Skipper Lisa, Li Yi, Bonnard Carine, Pavanni Ratnagopal, Yih Yuen, Chua Eva, Sung Wing-Kin, Tan Louis, Wong Meng-Cheong, Tan Eng-King, Liu Jianjun
Population Genetics, Genome Institute of Singapore, Singapore.
Hum Mol Genet. 2005 Dec 1;14(23):3549-56. doi: 10.1093/hmg/ddi376. Epub 2005 Nov 3.

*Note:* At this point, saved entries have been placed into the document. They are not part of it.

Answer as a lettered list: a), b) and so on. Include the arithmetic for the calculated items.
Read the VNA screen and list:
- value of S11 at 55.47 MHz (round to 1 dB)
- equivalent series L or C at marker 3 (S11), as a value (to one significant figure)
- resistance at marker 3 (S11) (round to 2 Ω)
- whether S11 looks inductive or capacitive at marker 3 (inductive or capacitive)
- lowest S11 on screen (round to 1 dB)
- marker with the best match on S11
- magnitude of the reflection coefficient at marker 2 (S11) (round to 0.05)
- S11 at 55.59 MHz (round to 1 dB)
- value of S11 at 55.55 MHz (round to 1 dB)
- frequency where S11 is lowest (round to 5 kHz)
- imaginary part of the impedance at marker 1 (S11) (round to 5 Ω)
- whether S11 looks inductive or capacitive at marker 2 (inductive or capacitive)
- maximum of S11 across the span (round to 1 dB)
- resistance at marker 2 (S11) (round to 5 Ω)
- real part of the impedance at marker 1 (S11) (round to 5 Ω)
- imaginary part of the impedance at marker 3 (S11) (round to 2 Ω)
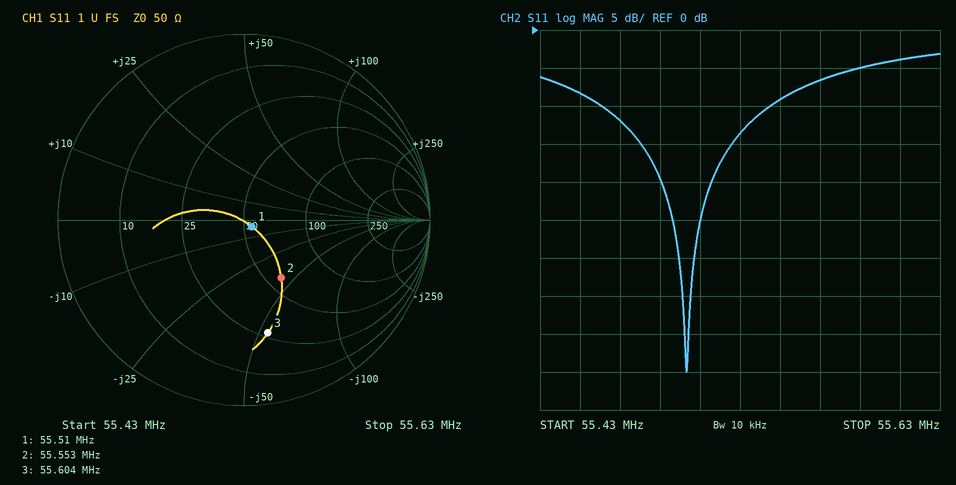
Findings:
a) -12 dB
b) C = 1/(2π × 55.604 MHz × 54 Ω) ≈ 53.0 pF, so 50 pF to one significant figure
c) 28 Ω
d) capacitive
e) -45 dB
f) marker 1
g) 0.35
h) -5 dB
i) -9 dB
j) 55.505 MHz
k) -5 Ω
l) capacitive
m) -3 dB
n) 60 Ω
o) 55 Ω
p) -54 Ω
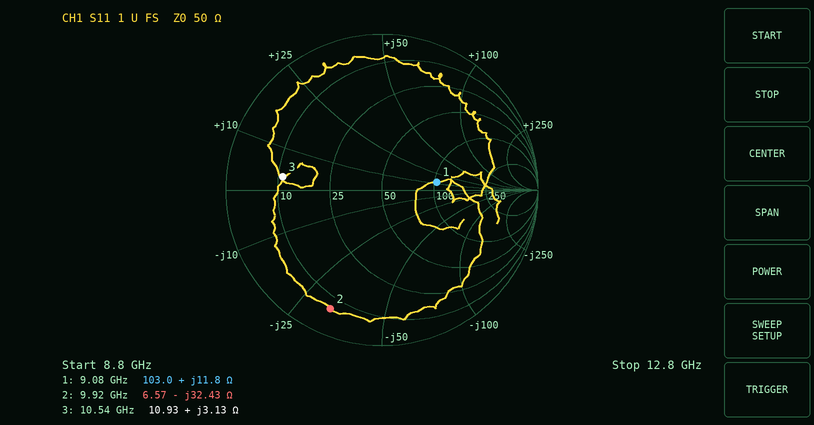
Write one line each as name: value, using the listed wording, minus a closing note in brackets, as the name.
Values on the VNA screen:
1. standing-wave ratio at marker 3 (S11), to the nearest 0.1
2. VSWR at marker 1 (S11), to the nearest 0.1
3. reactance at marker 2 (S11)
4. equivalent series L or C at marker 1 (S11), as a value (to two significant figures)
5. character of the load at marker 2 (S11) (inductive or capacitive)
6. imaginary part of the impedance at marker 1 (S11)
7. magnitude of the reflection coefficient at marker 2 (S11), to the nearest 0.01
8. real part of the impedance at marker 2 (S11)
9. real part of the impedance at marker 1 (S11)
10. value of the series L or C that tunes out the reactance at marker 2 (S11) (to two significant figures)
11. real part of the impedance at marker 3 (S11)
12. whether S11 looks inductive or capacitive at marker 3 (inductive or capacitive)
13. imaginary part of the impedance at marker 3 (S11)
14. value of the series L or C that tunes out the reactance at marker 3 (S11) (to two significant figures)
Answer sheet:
standing-wave ratio at marker 3 (S11), to the nearest 0.1: 4.6
VSWR at marker 1 (S11), to the nearest 0.1: 2.1
reactance at marker 2: -32.43 Ω
equivalent series L or C at marker 1 (S11), as a value: 210 pH
character of the load at marker 2 (S11): capacitive
imaginary part of the impedance at marker 1: +11.8 Ω
magnitude of the reflection coefficient at marker 2 (S11), to the nearest 0.01: 0.83
real part of the impedance at marker 2: 6.57 Ω
real part of the impedance at marker 1: 103.0 Ω
value of the series L or C that tunes out the reactance at marker 2 (S11): 520 pH
real part of the impedance at marker 3: 10.93 Ω
whether S11 looks inductive or capacitive at marker 3: inductive
imaginary part of the impedance at marker 3: +3.13 Ω
value of the series L or C that tunes out the reactance at marker 3 (S11): 4.8 pF
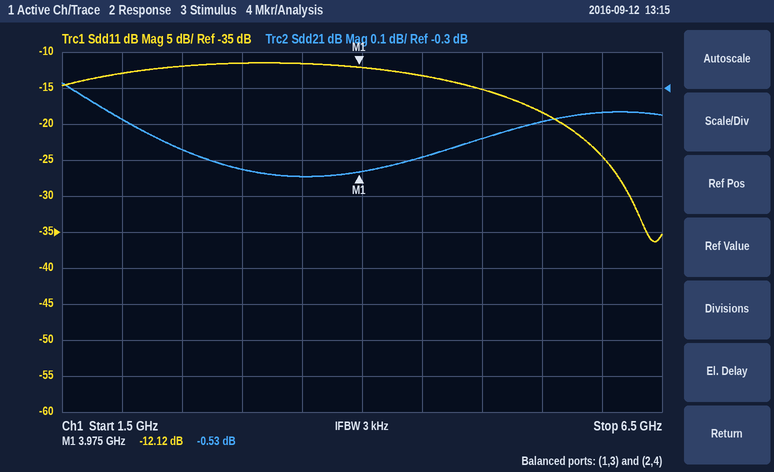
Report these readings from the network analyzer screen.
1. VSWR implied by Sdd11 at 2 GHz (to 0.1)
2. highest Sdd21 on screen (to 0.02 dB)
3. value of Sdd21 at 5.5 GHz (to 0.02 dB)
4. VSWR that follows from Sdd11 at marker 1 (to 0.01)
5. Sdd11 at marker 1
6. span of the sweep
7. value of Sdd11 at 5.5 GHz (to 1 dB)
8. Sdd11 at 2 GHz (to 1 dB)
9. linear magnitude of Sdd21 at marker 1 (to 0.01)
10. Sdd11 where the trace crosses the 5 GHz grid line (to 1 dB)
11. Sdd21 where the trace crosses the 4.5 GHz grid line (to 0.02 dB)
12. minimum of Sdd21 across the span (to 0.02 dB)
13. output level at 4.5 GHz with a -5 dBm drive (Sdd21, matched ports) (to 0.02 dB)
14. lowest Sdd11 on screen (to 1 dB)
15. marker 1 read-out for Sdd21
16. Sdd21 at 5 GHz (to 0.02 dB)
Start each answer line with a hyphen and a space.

- 1.6
- -0.28 dB
- -0.40 dB
- 1.66
- -12.12 dB
- 5 GHz
- -18 dB
- -13 dB
- 0.94
- -15 dB
- -0.50 dB
- -0.54 dB
- -5.50 dBm
- -36 dB
- -0.53 dB
- -0.44 dB
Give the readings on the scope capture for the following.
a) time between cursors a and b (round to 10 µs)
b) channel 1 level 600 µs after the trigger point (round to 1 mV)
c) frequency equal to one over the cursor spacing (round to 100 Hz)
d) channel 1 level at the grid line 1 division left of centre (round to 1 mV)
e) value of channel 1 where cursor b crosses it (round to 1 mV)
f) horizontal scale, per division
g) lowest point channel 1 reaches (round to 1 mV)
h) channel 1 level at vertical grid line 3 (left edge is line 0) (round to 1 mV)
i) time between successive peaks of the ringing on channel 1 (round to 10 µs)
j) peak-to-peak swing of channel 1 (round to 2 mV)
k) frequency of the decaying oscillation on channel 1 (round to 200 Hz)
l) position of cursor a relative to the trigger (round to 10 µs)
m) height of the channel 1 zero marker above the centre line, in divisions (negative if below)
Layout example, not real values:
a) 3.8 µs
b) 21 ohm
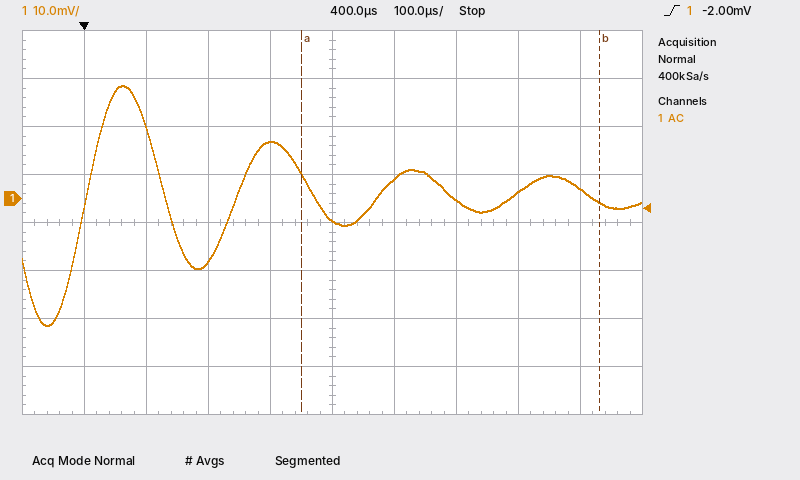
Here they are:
a) 480 µs
b) 0 mV
c) 2.1 kHz
d) 12 mV
e) -1 mV
f) 100 µs
g) -26 mV
h) -13 mV
i) 230 µs
j) 50 mV
k) 4.4 kHz
l) +350 µs
m) +0.5 div
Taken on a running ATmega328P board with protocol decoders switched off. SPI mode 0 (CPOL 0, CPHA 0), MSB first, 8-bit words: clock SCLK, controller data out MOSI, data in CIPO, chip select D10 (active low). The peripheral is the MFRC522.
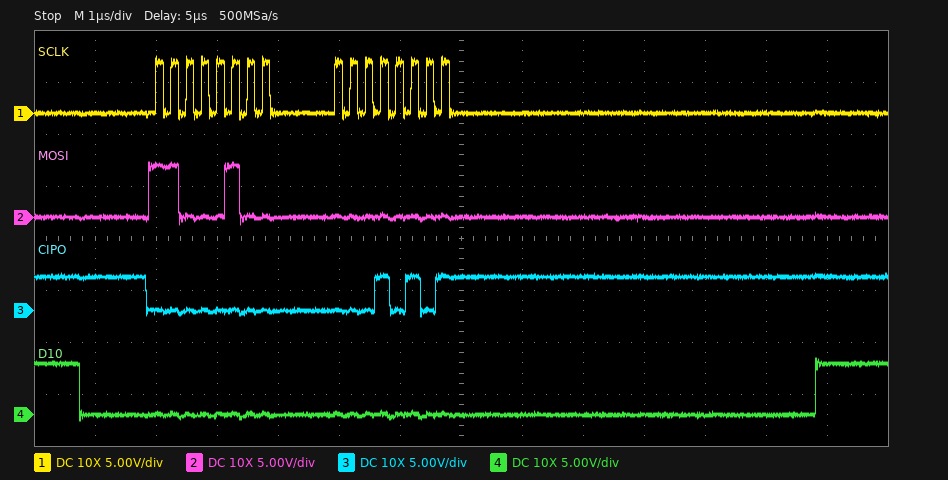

Parkinson's disease (PD) is a complex neurodegenerative disorder whose aetiologies are largely unknown. To date, mutations in six genes have been found causal for some rare familial forms of the disease and common variation within at least three of these is associated with the more common sporadic forms of PD. LRRK2 is the most recently identified familial PD gene, although its role in sporadic disease is unknown. In this study, we have performed the first comprehensive evaluation of common genetic variation within LRRK2 and investigated its contribution to risk of sporadic PD. We first characterized the linkage disequilibrium within LRRK2 using a panel of densely spaced SNPs across the gene. We then identified a subset of tagging-SNPs (tSNP) that capture the majority of common variation within LRRK2. Both single tSNP and tSNP haplotype analyses, using a large epidemiologically matched sporadic case-control series comprising 932 individuals, yielded significant evidence for disease association. We identified a haplotype that dramatically increases disease risk when present in two copies (OR=5.5, 95%CI=2.1-14.0, P=0.0001). Thus, we provide the first evidence that common genetic variation within LRRK2 contributes to the risk of sporadic PD in the Chinese population.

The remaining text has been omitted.